Obtains required Care Management enrollment consents from the individual or legal guardian
Completes initial and ongoing needs assessments (Child and Adolescent Needs and Strengths; CANS) to determine the individual's most appropriate level of care management.
Facilitates solutions to patient care delivery problems and identifies with client any potential barriers to care.
Responsible for the overall management of the patient's Individualized Plan of Care. Through the creation of an Individual Plan of Care the Care Manager is able to:
1.Coordinate the enrollee's provision of services including as per their acuity level.
2.Support adherence to treatment recommendations
3.Monitor and evaluate a patient's needs, including prevention, wellness, medical, mental health, care transitions, and social and community services where appropriate.
Meets client contact requirements (keeping in mind that caseloads may be "blended"):
1.Care Managers serving children will be required to have some face-face visits on a consistent schedule as per the mandates of their acuity level (high, medium, or low).

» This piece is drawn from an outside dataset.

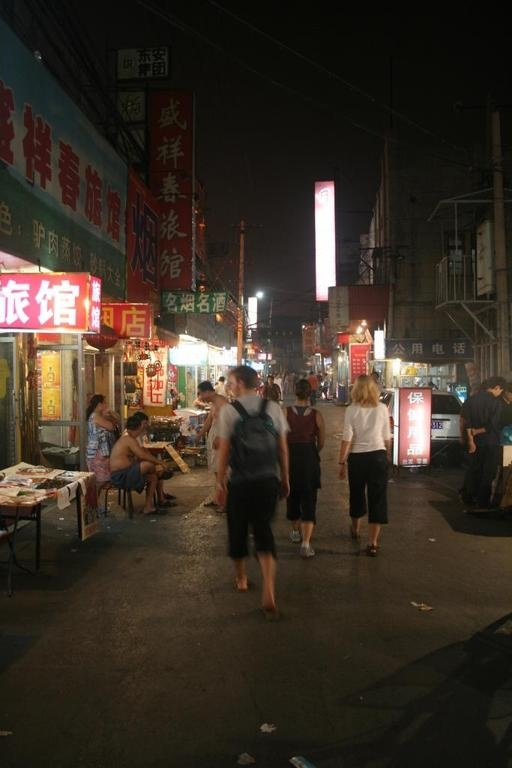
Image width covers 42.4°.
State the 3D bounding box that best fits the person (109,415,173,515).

Meets Care Management documentation requirements in a timely and accurate manner by effectively utilizing designated Care Management Portal (Medicaid Analytics Performance Portal; MAPP) and Electronic Health Records (EHRs) as needed
Functions as an advocate for clients within the agency and external service providers
Promotes wellness and prevention by linking enrollees with resources and services based on their individual needs and preferences
Educate the child/caregiver on care of chronic conditions, immunization, medication management, screening and other preventive interventions.
Accompany child and adult as needed to appointments.
Helps clients to obtain and maintain public benefits necessary to gain health care services, including Medicaid and cash assistance eligibility, Social Security, SNAP, housing, legal services, employment and training supports, and others.
Effectively communicates and shares information with the individual and their families and other caregivers with appropriate consideration for language, literacy and cultural preferences.
Conducts care planning meetings/conferences and serves as an interdisciplinary team member to effectively provide/coordinate comprehensive and holistic care
Identifies available community-based resources and actively manages appropriate referrals, access, engagement, follow-up and coordination of services
In the event of hospital admissions, actively engages in the discharge planning process ensuring that the patient has all recommended post discharge services in place prior to discharge
Attends and participates in ongoing staff development trainings to enhance skills needed to effectively meet the demands of the Care Manager position
Ensure that child has periodic evaluations and follow up treatment for dental, vision and hearing care, following Medicaid EPSDT guidelines
Handle confidential information in accordance with HIPAA as well as state and federal privacy and confidentiality rules.
Must be able to provide home-based and community based care management services.